Par ailleurs, comme il l’a déjà fait par le passé, il a dénoncé l’ouverture du sacrement de la communion aux divorcés remariés, dans certains cas, aménagée par le pape François dans une note de bas de page de l’exhortation apostolique Amoris Laetitia, fruit du double synode sur la famille de 2015 et 2016.

« Il est très clair que selon l’Ancien et le Nouveau Testament et les commandements, que tout comportement sexuel en dehors d’un mariage légitime est un péché et personne ne peut le changer, c’est la parole de Dieu (…) [Le pape et le cardinal Fernandez] disent que ce sont des exceptions, mais dans certains cas, ce ne sont pas des exceptions et vous ne pouvez pas relativiser la parole de Dieu avec une soi-disant ‘éthique de situation' », a-t-il protesté.

Alors que dans le passé, comme l’a rappelé son interlocuteur, Müller avait déclaré que le synode actuel – qui a débuté il y a deux ans par une consultation mondiale – avait « détourné l’Eglise », le cardinal allemand a pris soin de ne pas répéter cette expression. En outre, en réponse à une question, il a reconnu qu’il n’avait pas, à l’époque, trouvé son expérience dans les cercles plus restreints, les réunions de groupe, trop mauvaise. « L’expérience aux tables, à ma table, a été très bonne (…). J’ai une certaine forme d’optimisme, mais, en fin de compte, il faut attendre de voir la direction que prendra le synode et les directions en coulisses, c’est ça le problème », a-t-il déclaré.

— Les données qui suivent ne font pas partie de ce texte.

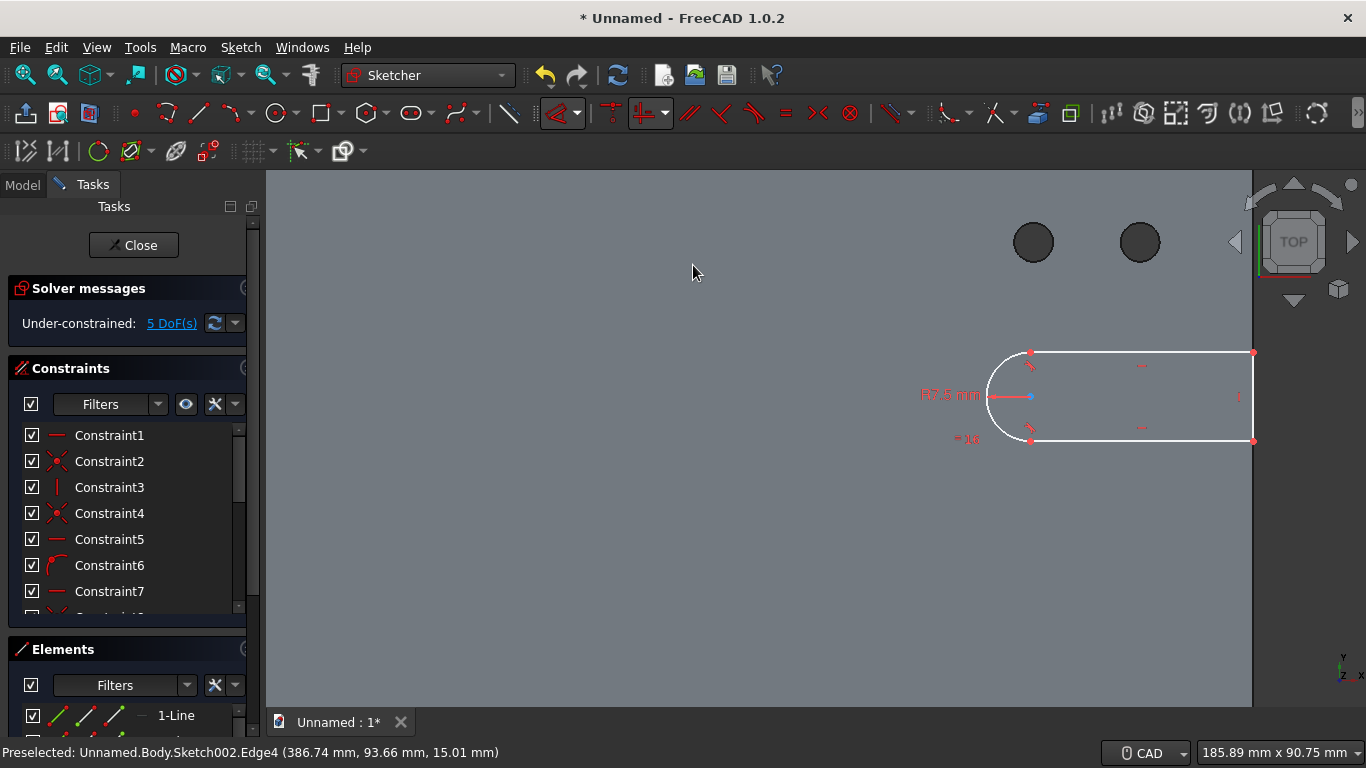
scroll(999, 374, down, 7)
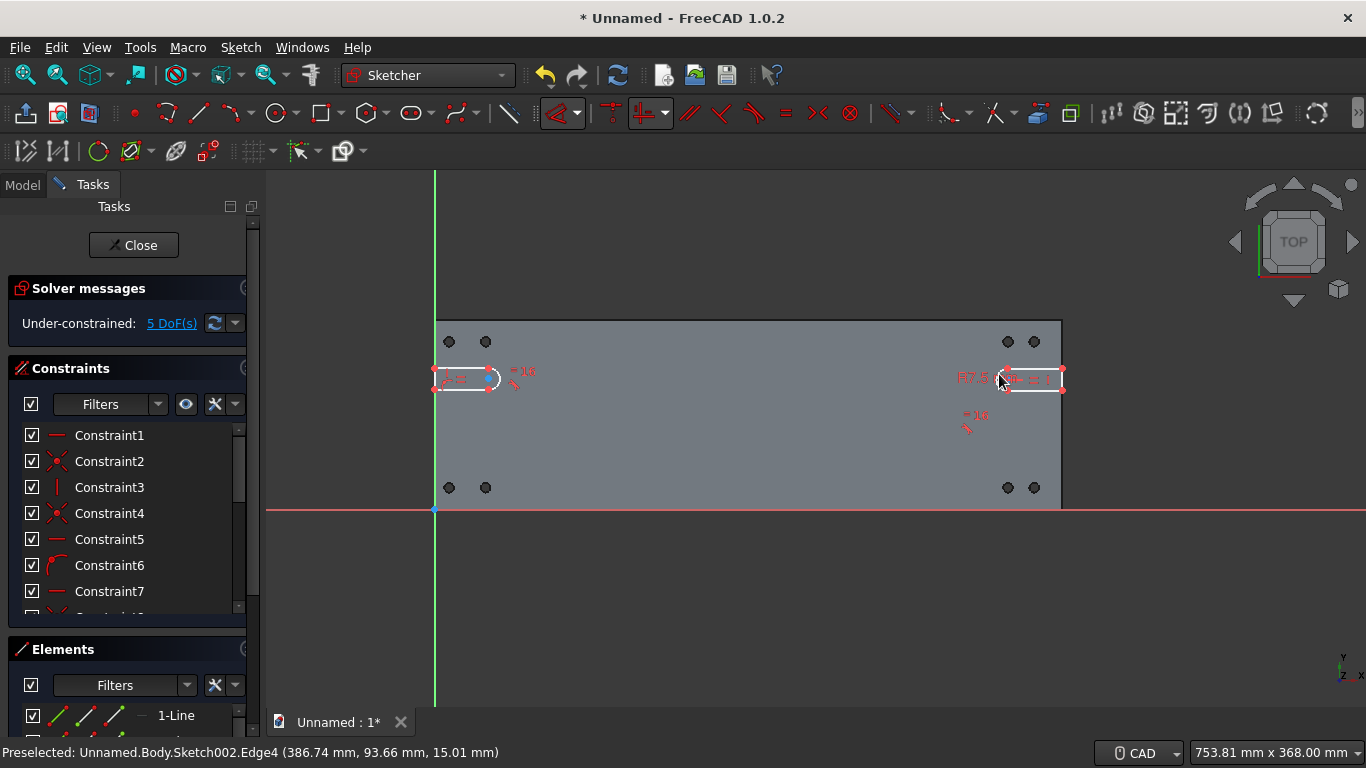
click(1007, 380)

Lors d’un briefing au Vatican, le préfet du dicastère pour la communication, Paolo Ruffini, qui participe également au synode, a répondu en riant à une question sur une éventuelle punition pour le cardinal Müller, qui a désobéi à l’ordre de confidentialité. « La police ne va pas intervenir pour le punir ou lui infliger une amende, nous sommes des frères et des sœurs, chacun a la capacité de discerner.